Eine ChatGPT-Konversation.

Das Problem ist, dass OpenAI noch nicht weiß, warum diese fortgeschrittenen Modelle so häufig zu Halluzinationen neigen. Vielleicht können wir das Problem mit der Plus-Forschung verstehen und beheben – aber es besteht auch die Möglichkeit, dass nicht alles reibungslos verläuft. Das Unternehmen wird zweifellos weiterhin Plus- und Plus-Versionen seiner „fortgeschrittenen“ Modelle veröffentlichen, und es besteht die Möglichkeit, dass die Halluzinationsrate weiter steigt.

In diesem Fall muss OpenAI möglicherweise zusätzlich zur weiteren Erforschung der Grundursache eine kurzfristige Lösung anstreben. Schließlich sind diese Modelle einkommensschaffende Produkte Es muss in gebrauchsfähigem Zustand sein. Ich bin kein KI-Wissenschaftler, aber ich denke, meine erste Idee wäre, eine Art Aggregatorprodukt zu erstellen – eine Chat-Schnittstelle, die Zugriff auf mehrere verschiedene OpenAI-Modelle hat.

Wenn Abfragen fortgeschrittene Schlussfolgerungen erfordern, rufen sie GPT-4o auf, und wenn sie die Wahrscheinlichkeit von Halluzinationen verringern möchten, rufen sie ein älteres Modell wie o1 auf. Vielleicht könnte das Unternehmen eleganter vorgehen und verschiedene Modelle verwenden, um sich um verschiedene Elemente einer einzelnen Abfrage zu kümmern, und dann am Ende ein zusätzliches Modell verwenden, um alles zusammenzufassen. Da es sich hierbei im Wesentlichen um eine Teamleistung mehrerer KI-Modelle handeln würde, könnte möglicherweise auch eine Art Faktenprüfungssystem implementiert werden.

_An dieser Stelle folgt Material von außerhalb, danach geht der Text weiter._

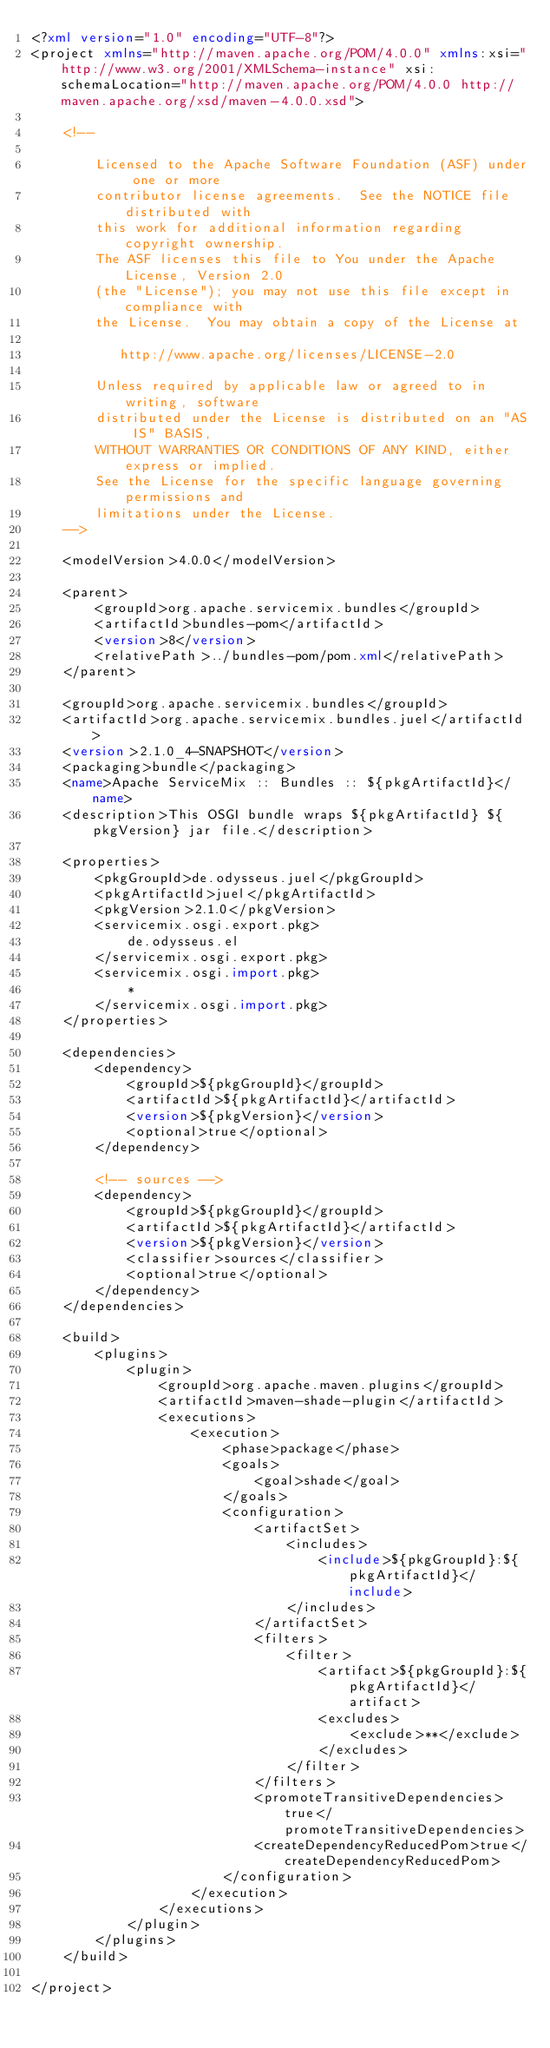Convert code to text. <code><loc_0><loc_0><loc_500><loc_500><_XML_><?xml version="1.0" encoding="UTF-8"?>
<project xmlns="http://maven.apache.org/POM/4.0.0" xmlns:xsi="http://www.w3.org/2001/XMLSchema-instance" xsi:schemaLocation="http://maven.apache.org/POM/4.0.0 http://maven.apache.org/xsd/maven-4.0.0.xsd">

    <!--

        Licensed to the Apache Software Foundation (ASF) under one or more
        contributor license agreements.  See the NOTICE file distributed with
        this work for additional information regarding copyright ownership.
        The ASF licenses this file to You under the Apache License, Version 2.0
        (the "License"); you may not use this file except in compliance with
        the License.  You may obtain a copy of the License at

           http://www.apache.org/licenses/LICENSE-2.0

        Unless required by applicable law or agreed to in writing, software
        distributed under the License is distributed on an "AS IS" BASIS,
        WITHOUT WARRANTIES OR CONDITIONS OF ANY KIND, either express or implied.
        See the License for the specific language governing permissions and
        limitations under the License.
    -->

    <modelVersion>4.0.0</modelVersion>

    <parent>
        <groupId>org.apache.servicemix.bundles</groupId>
        <artifactId>bundles-pom</artifactId>
        <version>8</version>
        <relativePath>../bundles-pom/pom.xml</relativePath>
    </parent>

    <groupId>org.apache.servicemix.bundles</groupId>
    <artifactId>org.apache.servicemix.bundles.juel</artifactId>
    <version>2.1.0_4-SNAPSHOT</version>
    <packaging>bundle</packaging>
    <name>Apache ServiceMix :: Bundles :: ${pkgArtifactId}</name>
    <description>This OSGI bundle wraps ${pkgArtifactId} ${pkgVersion} jar file.</description>

    <properties>
        <pkgGroupId>de.odysseus.juel</pkgGroupId>
        <pkgArtifactId>juel</pkgArtifactId>
        <pkgVersion>2.1.0</pkgVersion>
        <servicemix.osgi.export.pkg>
            de.odysseus.el
        </servicemix.osgi.export.pkg>
        <servicemix.osgi.import.pkg>
            *
        </servicemix.osgi.import.pkg>
    </properties>

    <dependencies>
        <dependency>
            <groupId>${pkgGroupId}</groupId>
            <artifactId>${pkgArtifactId}</artifactId>
            <version>${pkgVersion}</version>
            <optional>true</optional>
        </dependency>

        <!-- sources -->
        <dependency>
            <groupId>${pkgGroupId}</groupId>
            <artifactId>${pkgArtifactId}</artifactId>
            <version>${pkgVersion}</version>
            <classifier>sources</classifier>
            <optional>true</optional>
        </dependency>
    </dependencies>

    <build>
        <plugins>
            <plugin>
                <groupId>org.apache.maven.plugins</groupId>
                <artifactId>maven-shade-plugin</artifactId>
                <executions>
                    <execution>
                        <phase>package</phase>
                        <goals>
                            <goal>shade</goal>
                        </goals>
                        <configuration>
                            <artifactSet>
                                <includes>
                                    <include>${pkgGroupId}:${pkgArtifactId}</include>
                                </includes>
                            </artifactSet>
                            <filters>
                                <filter>
                                    <artifact>${pkgGroupId}:${pkgArtifactId}</artifact>
                                    <excludes>
                                        <exclude>**</exclude>
                                    </excludes>
                                </filter>
                            </filters>
                            <promoteTransitiveDependencies>true</promoteTransitiveDependencies>
                            <createDependencyReducedPom>true</createDependencyReducedPom>
                        </configuration>
                    </execution>
                </executions>
            </plugin>
        </plugins>
    </build>

</project>
</code>

Die Erhöhung der Genauigkeitsraten ist jedoch nicht das Hauptziel. Das Hauptziel besteht darin, die Anzahl der Halluzinationen zu verringern. Das bedeutet, dass wir sowohl „Weiß nicht“-Antworten als auch richtige Antworten wertschätzen müssen.

Tatsächlich habe ich keine Ahnung, was OpenAI tun wird oder wie besorgt die Forscher wirklich über die zunehmende Zahl von Halluzinationen sind. Ich weiß nur, dass mehr Halluzinationen schlecht für die Endnutzer sind – sie bedeuten nur mehr Möglichkeiten, uns unbewusst in die Irre zu führen. Wenn Sie ein großer Fan von LLM-Modellen sind, müssen Sie nicht auf sie verzichten – aber lassen Sie nicht zu, dass der Wunsch nach Zeitersparnis die Notwendigkeit der Faktenprüfung der Ergebnisse überlagert. Überprüfen Sie immer die Fakten!